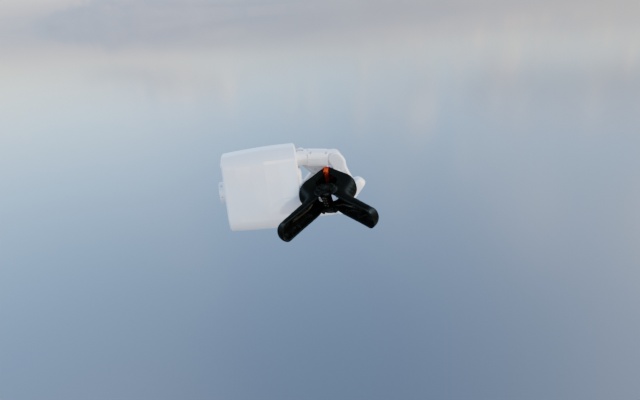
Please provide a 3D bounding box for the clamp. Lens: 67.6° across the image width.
[{"bbox_3d":[0.000,0.001,0.622,0.120,0.039,0.171,-8,22,-4],"label":"clamp"}]
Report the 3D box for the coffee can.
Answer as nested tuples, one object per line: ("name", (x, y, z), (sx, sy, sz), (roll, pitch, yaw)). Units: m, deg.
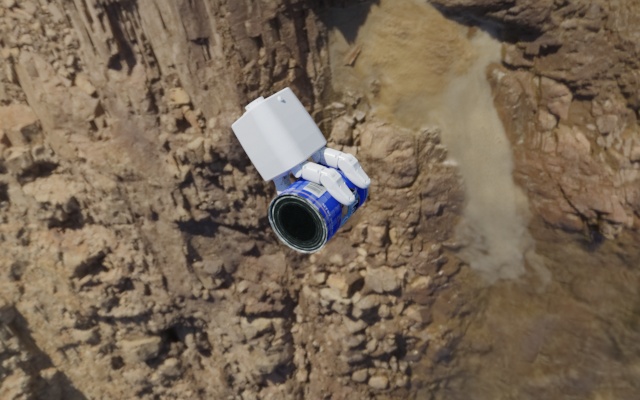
("coffee can", (0.000, 0.003, 0.751), (0.103, 0.103, 0.140), (0, 28, 34))
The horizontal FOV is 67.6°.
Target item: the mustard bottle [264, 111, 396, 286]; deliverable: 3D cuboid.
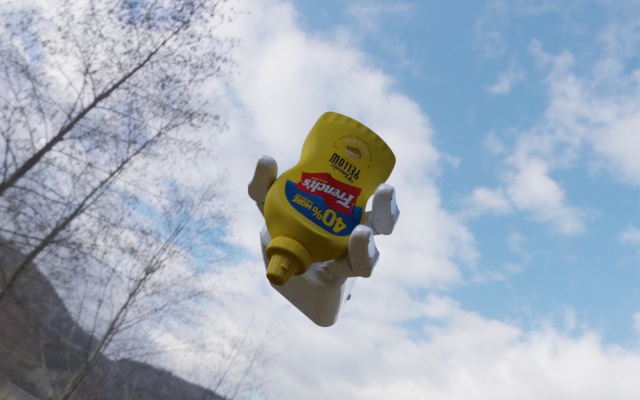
[{"bbox_3d":[0.000,0.001,0.464,0.096,0.191,0.058,35,-35,-6],"label":"mustard bottle"}]
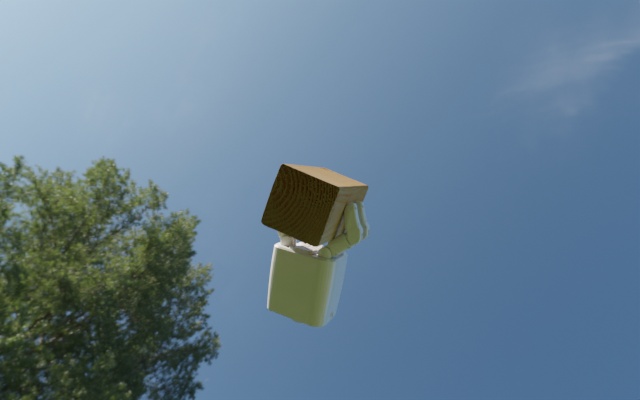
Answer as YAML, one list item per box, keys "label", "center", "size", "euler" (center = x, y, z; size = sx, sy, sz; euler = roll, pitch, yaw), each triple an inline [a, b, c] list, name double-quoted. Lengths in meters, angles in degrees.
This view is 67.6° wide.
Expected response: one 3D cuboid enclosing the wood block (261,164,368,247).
- label: "wood block"
  center: [0.000, 0.003, 0.735]
  size: [0.091, 0.090, 0.206]
  euler: [22, 8, 14]
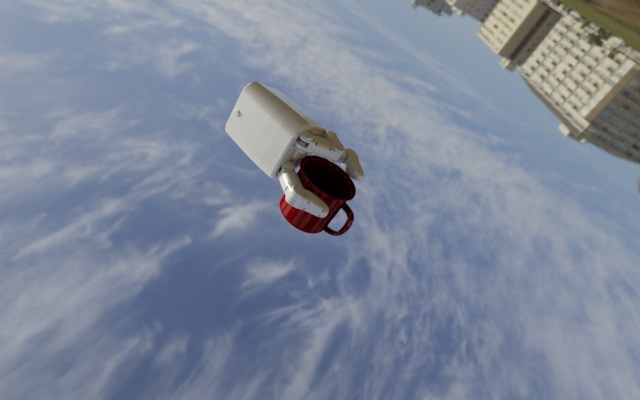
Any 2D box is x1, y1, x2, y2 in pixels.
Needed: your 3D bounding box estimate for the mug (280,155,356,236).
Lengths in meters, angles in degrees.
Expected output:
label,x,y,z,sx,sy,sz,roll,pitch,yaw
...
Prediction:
label,x,y,z,sx,sy,sz,roll,pitch,yaw
mug,0.001,0.003,0.699,0.117,0.081,0.093,45,33,15
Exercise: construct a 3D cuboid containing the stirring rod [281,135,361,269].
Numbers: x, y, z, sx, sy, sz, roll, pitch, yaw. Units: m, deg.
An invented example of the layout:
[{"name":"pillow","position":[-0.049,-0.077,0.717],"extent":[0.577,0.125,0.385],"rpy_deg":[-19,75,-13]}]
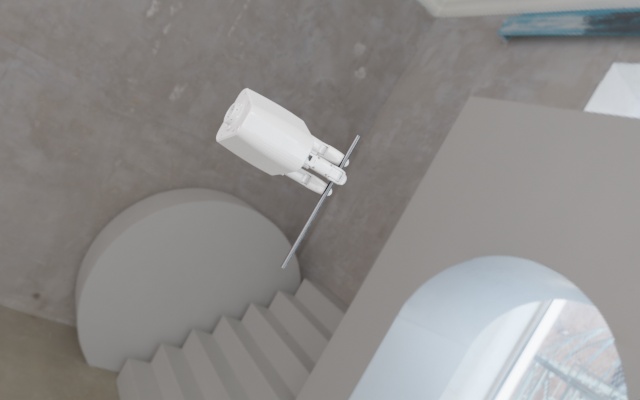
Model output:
[{"name":"stirring rod","position":[0.000,0.003,0.755],"extent":[0.011,0.239,0.011],"rpy_deg":[30,1,-1]}]
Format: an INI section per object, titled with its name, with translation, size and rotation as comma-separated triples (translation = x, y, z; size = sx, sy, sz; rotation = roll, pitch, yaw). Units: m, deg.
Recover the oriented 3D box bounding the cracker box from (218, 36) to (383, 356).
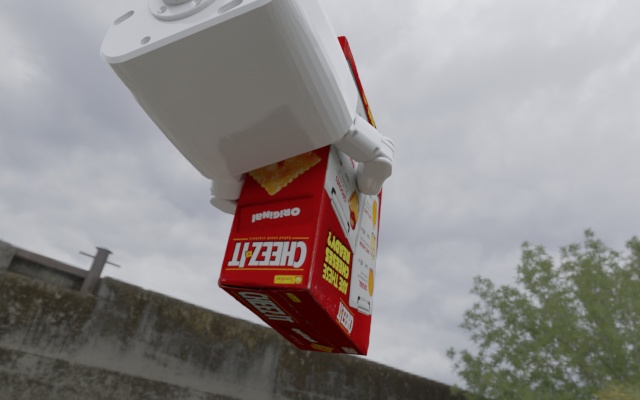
[cracker box]
translation = 0.000, 0.001, 0.400
size = 0.072, 0.213, 0.164
rotation = -2, -31, 19
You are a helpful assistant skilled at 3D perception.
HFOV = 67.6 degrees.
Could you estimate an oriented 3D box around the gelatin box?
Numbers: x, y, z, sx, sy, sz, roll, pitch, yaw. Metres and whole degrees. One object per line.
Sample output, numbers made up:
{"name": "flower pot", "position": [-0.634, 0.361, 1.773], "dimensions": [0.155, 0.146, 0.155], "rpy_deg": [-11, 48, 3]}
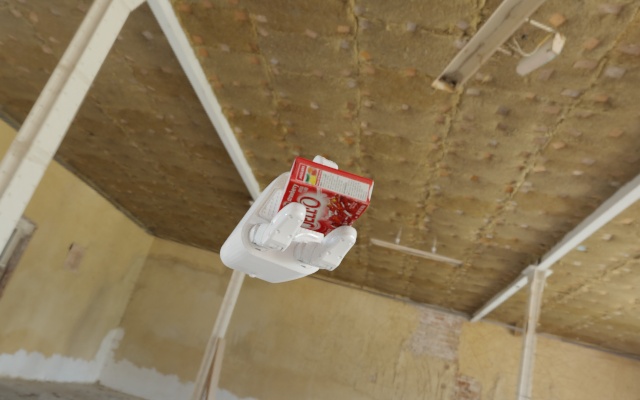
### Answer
{"name": "gelatin box", "position": [0.000, 0.001, 0.451], "dimensions": [0.073, 0.030, 0.089], "rpy_deg": [17, -29, -7]}
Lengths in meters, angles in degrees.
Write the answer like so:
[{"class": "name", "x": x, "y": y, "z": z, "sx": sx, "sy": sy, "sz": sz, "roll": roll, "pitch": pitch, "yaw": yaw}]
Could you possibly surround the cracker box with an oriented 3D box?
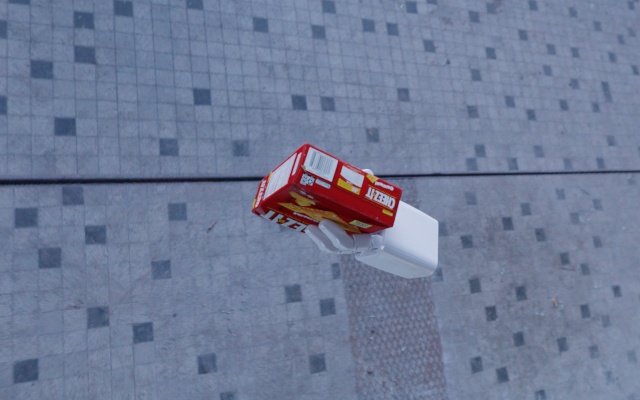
[{"class": "cracker box", "x": 0.000, "y": 0.002, "z": 0.754, "sx": 0.164, "sy": 0.072, "sz": 0.214, "roll": 24, "pitch": -21, "yaw": -17}]
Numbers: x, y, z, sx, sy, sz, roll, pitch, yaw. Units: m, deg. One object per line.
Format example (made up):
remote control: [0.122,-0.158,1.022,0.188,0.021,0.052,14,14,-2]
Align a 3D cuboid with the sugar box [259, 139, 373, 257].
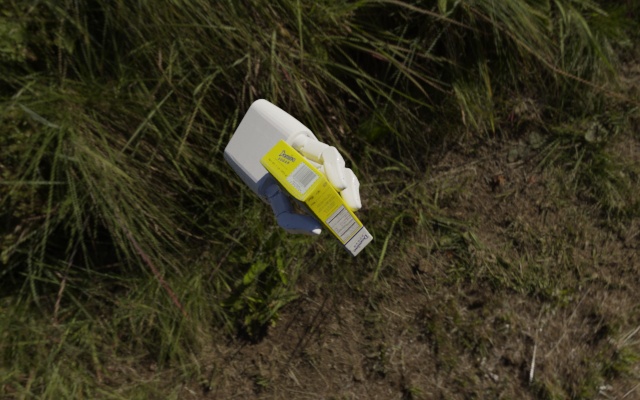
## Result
sugar box: [0.000,0.002,0.624,0.093,0.048,0.176,44,-1,37]
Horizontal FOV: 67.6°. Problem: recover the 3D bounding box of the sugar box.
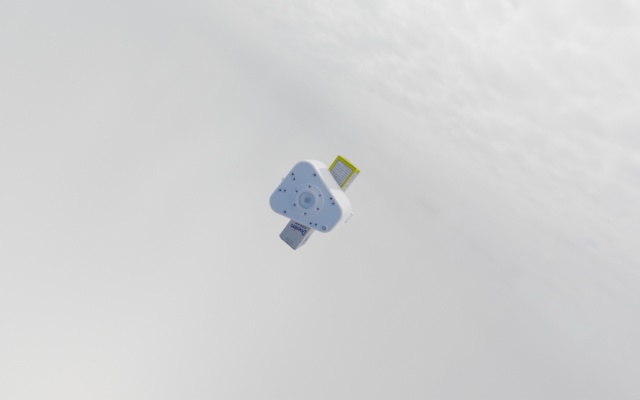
[{"bbox_3d":[0.000,0.002,0.847,0.048,0.176,0.093,40,8,6],"label":"sugar box"}]
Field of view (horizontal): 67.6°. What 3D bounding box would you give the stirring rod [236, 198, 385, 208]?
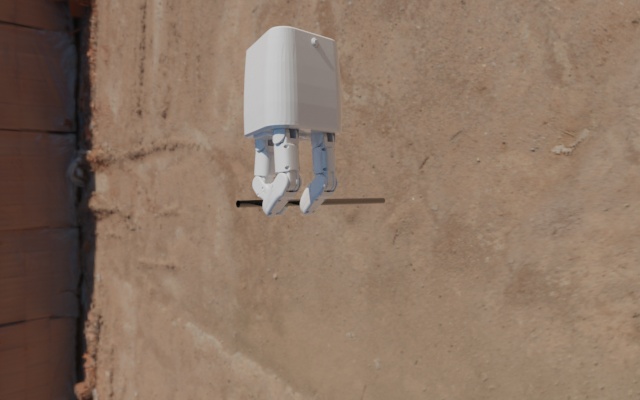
[{"bbox_3d":[0.000,0.002,0.590,0.239,0.011,0.011,-1,1,-43],"label":"stirring rod"}]
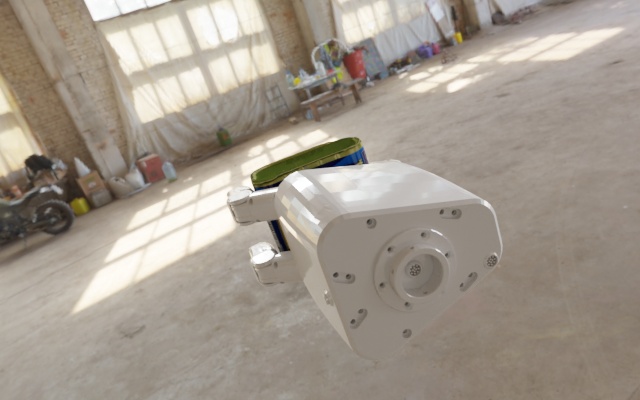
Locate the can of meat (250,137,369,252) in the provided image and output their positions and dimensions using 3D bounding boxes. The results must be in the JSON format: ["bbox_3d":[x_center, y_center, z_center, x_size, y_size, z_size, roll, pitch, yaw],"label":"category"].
[{"bbox_3d":[0.000,0.001,0.407,0.102,0.084,0.057,-22,19,-5],"label":"can of meat"}]
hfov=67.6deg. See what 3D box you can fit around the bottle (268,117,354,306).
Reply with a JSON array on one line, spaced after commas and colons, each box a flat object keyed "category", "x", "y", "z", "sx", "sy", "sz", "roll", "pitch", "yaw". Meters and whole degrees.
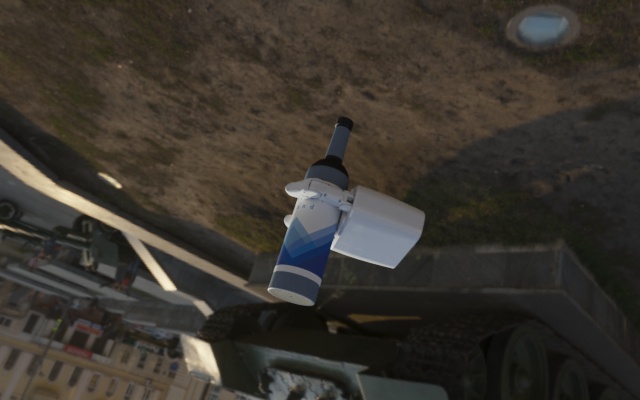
[{"category": "bottle", "x": 0.000, "y": 0.002, "z": 0.703, "sx": 0.069, "sy": 0.295, "sz": 0.069, "roll": 14, "pitch": -24, "yaw": 7}]
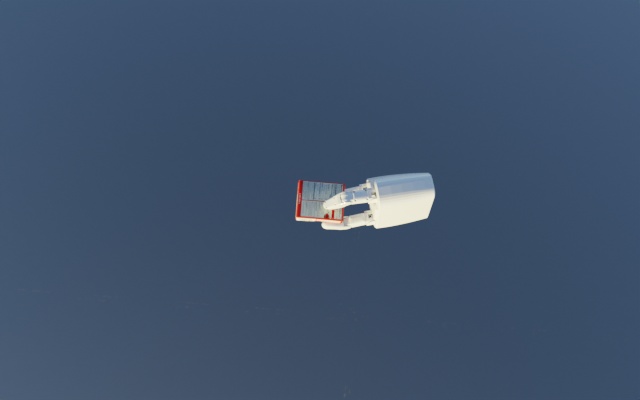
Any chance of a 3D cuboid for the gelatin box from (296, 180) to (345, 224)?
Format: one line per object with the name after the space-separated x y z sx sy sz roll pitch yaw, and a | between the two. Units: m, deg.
0.000 0.003 0.897 0.089 0.073 0.030 5 -14 -4 | gelatin box
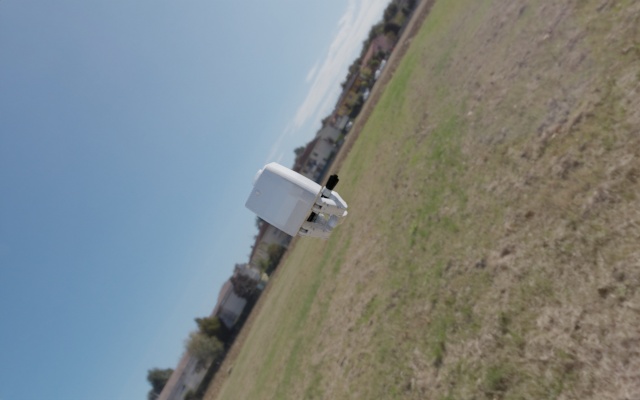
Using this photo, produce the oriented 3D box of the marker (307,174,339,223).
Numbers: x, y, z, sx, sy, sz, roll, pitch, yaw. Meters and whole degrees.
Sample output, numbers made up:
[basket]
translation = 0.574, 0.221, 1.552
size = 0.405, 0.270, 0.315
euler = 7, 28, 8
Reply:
[marker]
translation = 0.000, 0.003, 0.877
size = 0.020, 0.121, 0.020
euler = 25, 25, -12
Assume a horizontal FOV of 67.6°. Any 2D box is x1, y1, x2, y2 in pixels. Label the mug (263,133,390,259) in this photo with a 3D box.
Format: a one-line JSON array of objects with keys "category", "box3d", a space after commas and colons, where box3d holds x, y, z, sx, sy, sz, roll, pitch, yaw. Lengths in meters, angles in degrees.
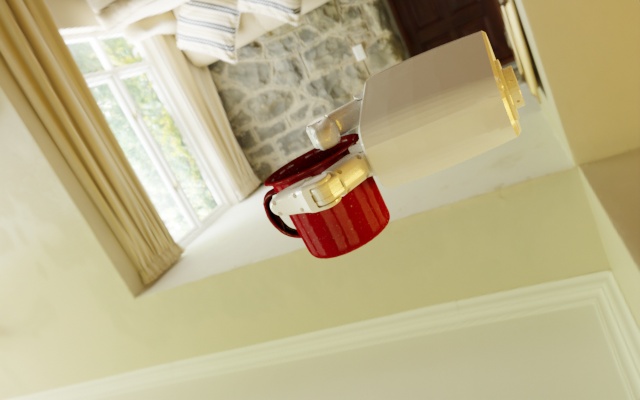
[{"category": "mug", "box3d": [-0.001, 0.002, 0.430, 0.117, 0.081, 0.093, -20, 16, 28]}]
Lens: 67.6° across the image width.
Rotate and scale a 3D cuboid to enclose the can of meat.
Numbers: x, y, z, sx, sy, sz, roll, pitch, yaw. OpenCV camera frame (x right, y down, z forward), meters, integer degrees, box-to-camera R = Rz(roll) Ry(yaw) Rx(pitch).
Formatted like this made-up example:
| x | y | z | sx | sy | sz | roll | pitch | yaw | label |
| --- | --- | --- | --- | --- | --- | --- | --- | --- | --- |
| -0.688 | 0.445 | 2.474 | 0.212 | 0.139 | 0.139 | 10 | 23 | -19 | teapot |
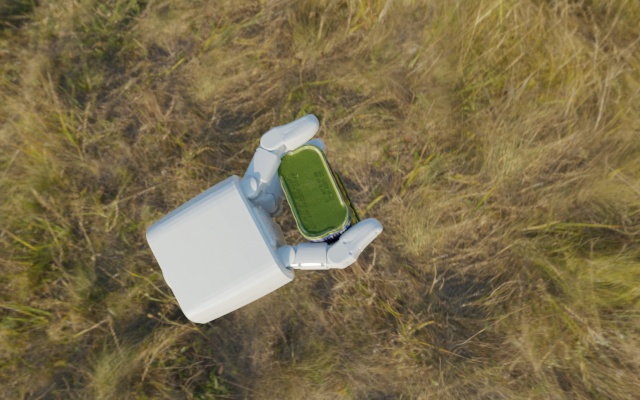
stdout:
| x | y | z | sx | sy | sz | roll | pitch | yaw | label |
| --- | --- | --- | --- | --- | --- | --- | --- | --- | --- |
| 0.000 | 0.002 | 0.495 | 0.057 | 0.102 | 0.084 | -26 | -21 | 5 | can of meat |

============

Repeat the lines above precisely and skip every picture.

Please provide a 3D bounding box for the clamp. Lens: 67.6° across the image width.
[{"bbox_3d":[0.000,0.001,0.622,0.120,0.039,0.171,-8,22,-4],"label":"clamp"}]
Report the 3D box for the coffee can.
Answer as nested tuples, one object per line: ("name", (x, y, z), (sx, sy, sz), (roll, pitch, yaw)). Units: m, deg.
("coffee can", (0.000, 0.003, 0.751), (0.103, 0.103, 0.140), (0, 28, 34))
The horizontal FOV is 67.6°.
Target item: the mustard bottle [264, 111, 396, 286]; deliverable: 3D cuboid.
[{"bbox_3d":[0.000,0.001,0.464,0.096,0.191,0.058,35,-35,-6],"label":"mustard bottle"}]
Answer as YAML, one list item per box, keys "label", "center", "size", "euler" (center = x, y, z; size = sx, sy, sz; euler = roll, pitch, yaw), each triple an inline [a, b, c] list, name double-quoted. Lengths in meters, angles in degrees.
This view is 67.6° wide.
Expected response: one 3D cuboid enclosing the wood block (261,164,368,247).
- label: "wood block"
  center: [0.000, 0.003, 0.735]
  size: [0.091, 0.090, 0.206]
  euler: [22, 8, 14]
Any 2D box is x1, y1, x2, y2 in pixels.
Needed: your 3D bounding box estimate for the mug (280,155,356,236).
Lengths in meters, angles in degrees.
Expected output:
label,x,y,z,sx,sy,sz,roll,pitch,yaw
...
Prediction:
label,x,y,z,sx,sy,sz,roll,pitch,yaw
mug,0.001,0.003,0.699,0.117,0.081,0.093,45,33,15
Exercise: construct a 3D cuboid containing the stirring rod [281,135,361,269].
Numbers: x, y, z, sx, sy, sz, roll, pitch, yaw. Units: m, deg.
An invented example of the layout:
[{"name":"pillow","position":[-0.049,-0.077,0.717],"extent":[0.577,0.125,0.385],"rpy_deg":[-19,75,-13]}]
Model output:
[{"name":"stirring rod","position":[0.000,0.003,0.755],"extent":[0.011,0.239,0.011],"rpy_deg":[30,1,-1]}]
Format: an INI section per object, titled with its name, with translation, size and rotation as comma-separated triples (translation = x, y, z; size = sx, sy, sz; rotation = roll, pitch, yaw). Units: m, deg.
Recover the oriented 3D box bounding the cracker box from (218, 36) to (383, 356).
[cracker box]
translation = 0.000, 0.001, 0.400
size = 0.072, 0.213, 0.164
rotation = -2, -31, 19
You are a helpful assistant skilled at 3D perception.
HFOV = 67.6 degrees.
Could you estimate an oriented 3D box around the gelatin box?
Numbers: x, y, z, sx, sy, sz, roll, pitch, yaw. Metres and whole degrees. One object per line.
Sample output, numbers made up:
{"name": "flower pot", "position": [-0.634, 0.361, 1.773], "dimensions": [0.155, 0.146, 0.155], "rpy_deg": [-11, 48, 3]}
### Answer
{"name": "gelatin box", "position": [0.000, 0.001, 0.451], "dimensions": [0.073, 0.030, 0.089], "rpy_deg": [17, -29, -7]}
Lengths in meters, angles in degrees.
Write the answer like so:
[{"class": "name", "x": x, "y": y, "z": z, "sx": sx, "sy": sy, "sz": sz, "roll": roll, "pitch": pitch, "yaw": yaw}]
Could you possibly surround the cracker box with an oriented 3D box?
[{"class": "cracker box", "x": 0.000, "y": 0.002, "z": 0.754, "sx": 0.164, "sy": 0.072, "sz": 0.214, "roll": 24, "pitch": -21, "yaw": -17}]
Numbers: x, y, z, sx, sy, sz, roll, pitch, yaw. Units: m, deg. One object per line.
Format example (made up):
remote control: [0.122,-0.158,1.022,0.188,0.021,0.052,14,14,-2]
Align a 3D cuboid with the sugar box [259, 139, 373, 257].
## Result
sugar box: [0.000,0.002,0.624,0.093,0.048,0.176,44,-1,37]
Horizontal FOV: 67.6°. Problem: recover the 3D bounding box of the sugar box.
[{"bbox_3d":[0.000,0.002,0.847,0.048,0.176,0.093,40,8,6],"label":"sugar box"}]
Field of view (horizontal): 67.6°. What 3D bounding box would you give the stirring rod [236, 198, 385, 208]?
[{"bbox_3d":[0.000,0.002,0.590,0.239,0.011,0.011,-1,1,-43],"label":"stirring rod"}]
Locate the can of meat (250,137,369,252) in the provided image and output their positions and dimensions using 3D bounding boxes. The results must be in the JSON format: ["bbox_3d":[x_center, y_center, z_center, x_size, y_size, z_size, roll, pitch, yaw],"label":"category"].
[{"bbox_3d":[0.000,0.001,0.407,0.102,0.084,0.057,-22,19,-5],"label":"can of meat"}]
hfov=67.6deg. See what 3D box you can fit around the bottle (268,117,354,306).
Reply with a JSON array on one line, spaced after commas and colons, each box a flat object keyed "category", "x", "y", "z", "sx", "sy", "sz", "roll", "pitch", "yaw". Meters and whole degrees.
[{"category": "bottle", "x": 0.000, "y": 0.002, "z": 0.703, "sx": 0.069, "sy": 0.295, "sz": 0.069, "roll": 14, "pitch": -24, "yaw": 7}]
Any chance of a 3D cuboid for the gelatin box from (296, 180) to (345, 224)?
Format: one line per object with the name after the space-separated x y z sx sy sz roll pitch yaw, and a | between the two. Units: m, deg.
0.000 0.003 0.897 0.089 0.073 0.030 5 -14 -4 | gelatin box
Using this photo, produce the oriented 3D box of the marker (307,174,339,223).
Numbers: x, y, z, sx, sy, sz, roll, pitch, yaw. Meters and whole degrees.
Sample output, numbers made up:
[basket]
translation = 0.574, 0.221, 1.552
size = 0.405, 0.270, 0.315
euler = 7, 28, 8
Reply:
[marker]
translation = 0.000, 0.003, 0.877
size = 0.020, 0.121, 0.020
euler = 25, 25, -12
Assume a horizontal FOV of 67.6°. Any 2D box is x1, y1, x2, y2 in pixels. Label the mug (263,133,390,259) in this photo with a 3D box.
Format: a one-line JSON array of objects with keys "category", "box3d", a space after commas and colons, where box3d holds x, y, z, sx, sy, sz, roll, pitch, yaw. Lengths in meters, angles in degrees.
[{"category": "mug", "box3d": [-0.001, 0.002, 0.430, 0.117, 0.081, 0.093, -20, 16, 28]}]
Lens: 67.6° across the image width.
Rotate and scale a 3D cuboid to enclose the can of meat.
Numbers: x, y, z, sx, sy, sz, roll, pitch, yaw. OpenCV camera frame (x right, y down, z forward), meters, integer degrees, box-to-camera R = Rz(roll) Ry(yaw) Rx(pitch).
Formatted like this made-up example:
| x | y | z | sx | sy | sz | roll | pitch | yaw | label |
| --- | --- | --- | --- | --- | --- | --- | --- | --- | --- |
| -0.688 | 0.445 | 2.474 | 0.212 | 0.139 | 0.139 | 10 | 23 | -19 | teapot |
stdout:
| x | y | z | sx | sy | sz | roll | pitch | yaw | label |
| --- | --- | --- | --- | --- | --- | --- | --- | --- | --- |
| 0.000 | 0.002 | 0.495 | 0.057 | 0.102 | 0.084 | -26 | -21 | 5 | can of meat |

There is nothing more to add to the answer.